In his support of the Chancellor Alistair Darling's controversial - some would say suicidal - moves on capital gains tax, Wolf's has been an almost lone howl in the wilderness. I fear in his contrarian analysis of Darling's CGT moves that he may well be talking a fair bit of sense, despite the fact that his scribblings have attracted squeaks of outrage - not least from his old editor Richard Lambert, now top banana at the CBI.

A bit of back-to-basics might not go amiss here. The simple facts are that if you earn shed loads of cash - and those who do have enjoyed a pretty nice run under New Labour since 1997 - then you should expect to pay your fair share of tax. (And I'm not talking about stupid Old Labour shenanigans like the 'politics of envy' 98% rates of the '60s and '70s.) If you're rich you won't get much back for your tax pains. You won't be using the government's second-rate schools, you take a helicopter rather than struggle on its pot-holed, heavily-congested roads and you definitely won't be relying on its meagre state pension when you hang up your boots. But coughing up is all part of the social contract and why you'd rather live here than in Paris or New York, or, god forbid, Frankfurt. 

In many ways the wealthy only have themselves to blame for getting some heat. With stories floating around this summer about big cheeses in private equity paying less to the Exchequer than their cleaning ladies and all sorts of evil tales about fleet-footed Res Non Doms getting off scot free, it was clear there was trouble coming down the line.
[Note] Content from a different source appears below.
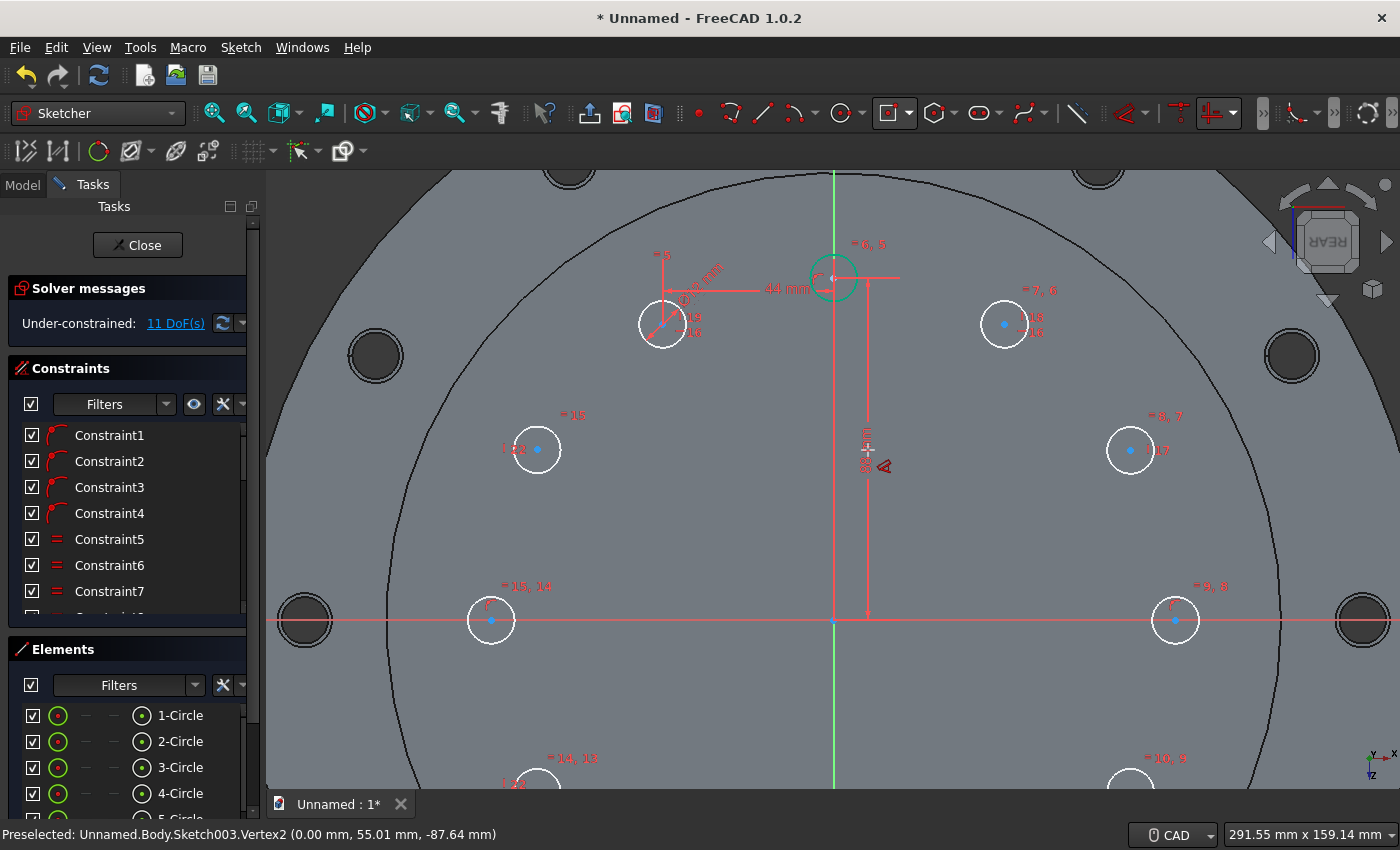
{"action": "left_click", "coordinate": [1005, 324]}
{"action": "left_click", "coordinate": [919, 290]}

Even the Tories scent political gain in squeezing the wealthy at the moment.

It's also true that there won't be many entrepreneurs out there who don't bother taking any risks in business because now under the new regime they will only receive 82% of the gain from their businesses rather than 90%. The thing about the truly entrepreneurial is that they can't help forging forward and taking risk - it's the way they are made.

As the wise old Wolf noted: 'Arguments from relatively wealthy people that they ought to have their incomes taxed at far lower rates than everyone else, because of the benefits they shower upon us, should be treated with contempt.' So, cough up and quit whinging - it's not that bad, and ultimately you aren't going to be that much poorer. Don't you know there's a war to pay for?